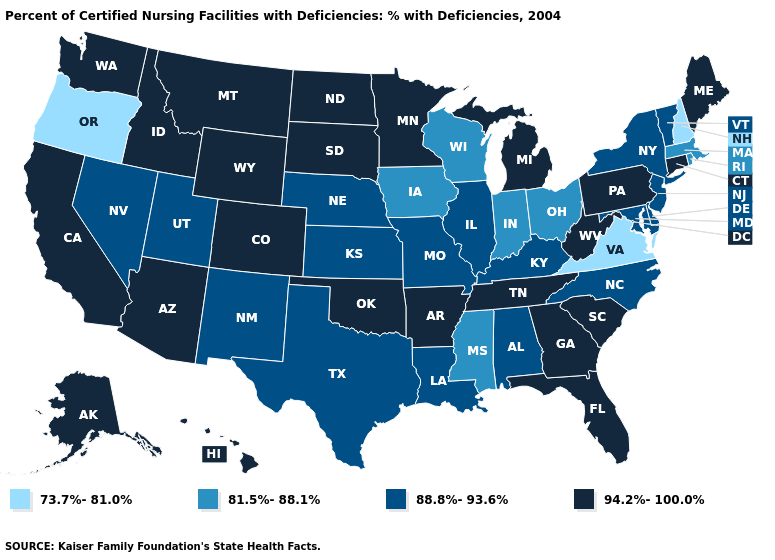What is the value of South Carolina?
Quick response, please. 94.2%-100.0%. Name the states that have a value in the range 73.7%-81.0%?
Keep it brief. New Hampshire, Oregon, Virginia. Is the legend a continuous bar?
Keep it brief. No. Among the states that border North Dakota , which have the lowest value?
Concise answer only. Minnesota, Montana, South Dakota. Which states have the lowest value in the USA?
Concise answer only. New Hampshire, Oregon, Virginia. What is the highest value in states that border Pennsylvania?
Answer briefly. 94.2%-100.0%. Does Connecticut have a higher value than Vermont?
Answer briefly. Yes. What is the lowest value in the Northeast?
Give a very brief answer. 73.7%-81.0%. Does Connecticut have a higher value than Colorado?
Short answer required. No. Name the states that have a value in the range 73.7%-81.0%?
Answer briefly. New Hampshire, Oregon, Virginia. Name the states that have a value in the range 81.5%-88.1%?
Quick response, please. Indiana, Iowa, Massachusetts, Mississippi, Ohio, Rhode Island, Wisconsin. Does Arkansas have the highest value in the South?
Keep it brief. Yes. Name the states that have a value in the range 81.5%-88.1%?
Short answer required. Indiana, Iowa, Massachusetts, Mississippi, Ohio, Rhode Island, Wisconsin. What is the value of Connecticut?
Short answer required. 94.2%-100.0%. What is the lowest value in the USA?
Give a very brief answer. 73.7%-81.0%. 
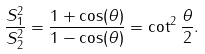Convert formula to latex. <formula><loc_0><loc_0><loc_500><loc_500>\frac { S _ { 1 } ^ { 2 } } { S _ { 2 } ^ { 2 } } = \frac { 1 + \cos ( \theta ) } { 1 - \cos ( \theta ) } = \cot ^ { 2 } \frac { \theta } { 2 } .</formula> 
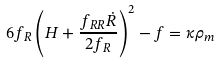<formula> <loc_0><loc_0><loc_500><loc_500>6 f _ { R } \left ( H + \frac { f _ { R R } \dot { R } } { 2 f _ { R } } \right ) ^ { 2 } - f = \kappa \rho _ { m } \,</formula>

^^^^^^^^

◆ **To do**:
Only a number is wanted: how many lines of the material include the word "higher".

◆ **Exercise solution**:
2